Entries supplied -

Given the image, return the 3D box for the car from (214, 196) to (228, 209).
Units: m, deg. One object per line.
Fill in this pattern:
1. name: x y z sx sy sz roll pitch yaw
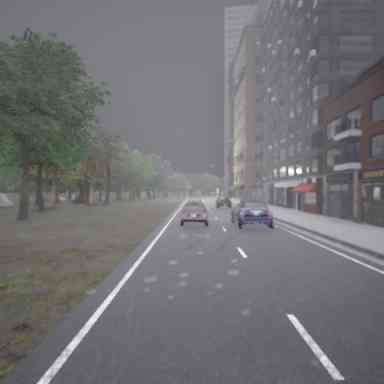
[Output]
1. car: 3.902 1.259 41.469 1.837 1.490 4.892 0 1 0

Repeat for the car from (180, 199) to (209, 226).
1. car: 0.173 1.441 22.566 2.033 1.411 5.357 0 0 1

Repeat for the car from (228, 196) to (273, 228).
1. car: 3.750 1.267 21.417 2.097 1.767 4.553 0 0 0
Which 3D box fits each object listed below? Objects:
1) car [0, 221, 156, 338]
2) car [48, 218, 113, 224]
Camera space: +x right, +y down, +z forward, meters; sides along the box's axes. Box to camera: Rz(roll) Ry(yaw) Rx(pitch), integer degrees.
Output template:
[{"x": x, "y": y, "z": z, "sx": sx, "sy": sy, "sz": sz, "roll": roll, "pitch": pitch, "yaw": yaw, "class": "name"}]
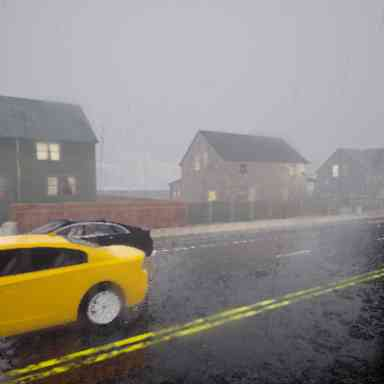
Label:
[{"x": -3.151, "y": 1.479, "z": 5.415, "sx": 5.008, "sy": 1.535, "sz": 1.882, "roll": 0, "pitch": 0, "yaw": -35, "class": "car"}, {"x": -3.391, "y": 1.497, "z": 9.230, "sx": 4.902, "sy": 1.511, "sz": 2.128, "roll": 0, "pitch": 0, "yaw": -35, "class": "car"}]
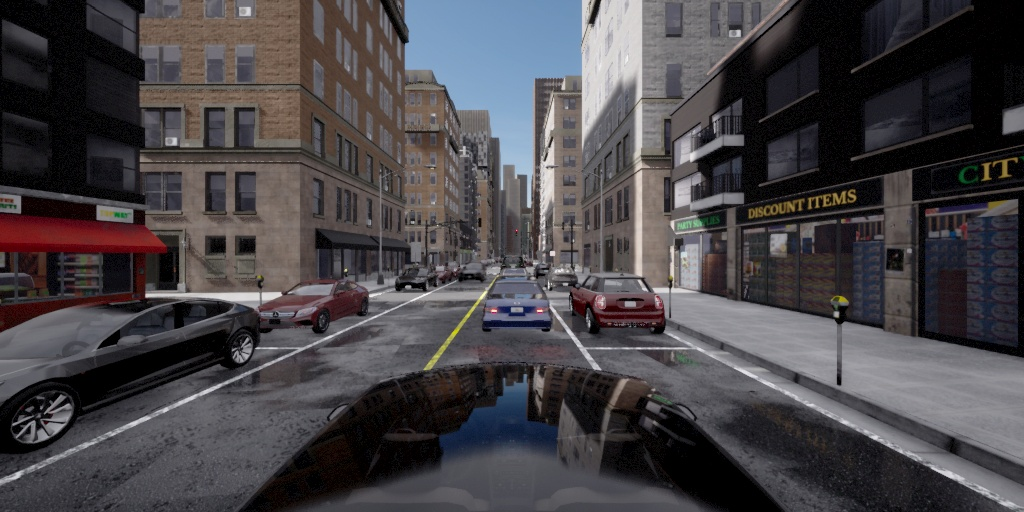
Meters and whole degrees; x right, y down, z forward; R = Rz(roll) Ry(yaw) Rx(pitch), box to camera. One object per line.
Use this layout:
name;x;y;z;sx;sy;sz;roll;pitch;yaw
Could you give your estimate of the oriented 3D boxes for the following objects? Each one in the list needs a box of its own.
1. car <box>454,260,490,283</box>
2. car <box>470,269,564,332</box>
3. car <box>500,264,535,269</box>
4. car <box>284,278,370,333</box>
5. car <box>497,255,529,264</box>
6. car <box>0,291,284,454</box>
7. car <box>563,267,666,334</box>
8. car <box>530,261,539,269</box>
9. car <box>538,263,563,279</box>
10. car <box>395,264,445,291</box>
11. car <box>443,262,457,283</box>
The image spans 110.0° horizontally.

Work order - Every line above should be retyped exactly; the pictures do not belong in the copy.

Solution for this task -
Given the image, return the 3D box for the car from (214, 196) to (228, 209).
Units: m, deg. One object per line.
Fill in this pattern:
1. name: x y z sx sy sz roll pitch yaw
[Output]
1. car: 3.902 1.259 41.469 1.837 1.490 4.892 0 1 0

Repeat for the car from (180, 199) to (209, 226).
1. car: 0.173 1.441 22.566 2.033 1.411 5.357 0 0 1

Repeat for the car from (228, 196) to (273, 228).
1. car: 3.750 1.267 21.417 2.097 1.767 4.553 0 0 0
Which 3D box fits each object listed below? Objects:
1) car [0, 221, 156, 338]
2) car [48, 218, 113, 224]
Camera space: +x right, +y down, +z forward, meters; sides along the box's axes. Box to camera: Rz(roll) Ry(yaw) Rx(pitch), integer degrees.
Output template:
[{"x": x, "y": y, "z": z, "sx": sx, "sy": sy, "sz": sz, "roll": roll, "pitch": pitch, "yaw": yaw, "class": "name"}]
Label:
[{"x": -3.151, "y": 1.479, "z": 5.415, "sx": 5.008, "sy": 1.535, "sz": 1.882, "roll": 0, "pitch": 0, "yaw": -35, "class": "car"}, {"x": -3.391, "y": 1.497, "z": 9.230, "sx": 4.902, "sy": 1.511, "sz": 2.128, "roll": 0, "pitch": 0, "yaw": -35, "class": "car"}]
Meters and whole degrees; x right, y down, z forward; R = Rz(roll) Ry(yaw) Rx(pitch), box to camera. One object per line.
Use this layout:
name;x;y;z;sx;sy;sz;roll;pitch;yaw
Could you give your estimate of the oriented 3D boxes for the following objects? Each one in the list needs a box of its own.
1. car <box>454,260,490,283</box>
2. car <box>470,269,564,332</box>
3. car <box>500,264,535,269</box>
4. car <box>284,278,370,333</box>
5. car <box>497,255,529,264</box>
6. car <box>0,291,284,454</box>
7. car <box>563,267,666,334</box>
8. car <box>530,261,539,269</box>
9. car <box>538,263,563,279</box>
10. car <box>395,264,445,291</box>
11. car <box>443,262,457,283</box>
The image spans 110.0° horizontally.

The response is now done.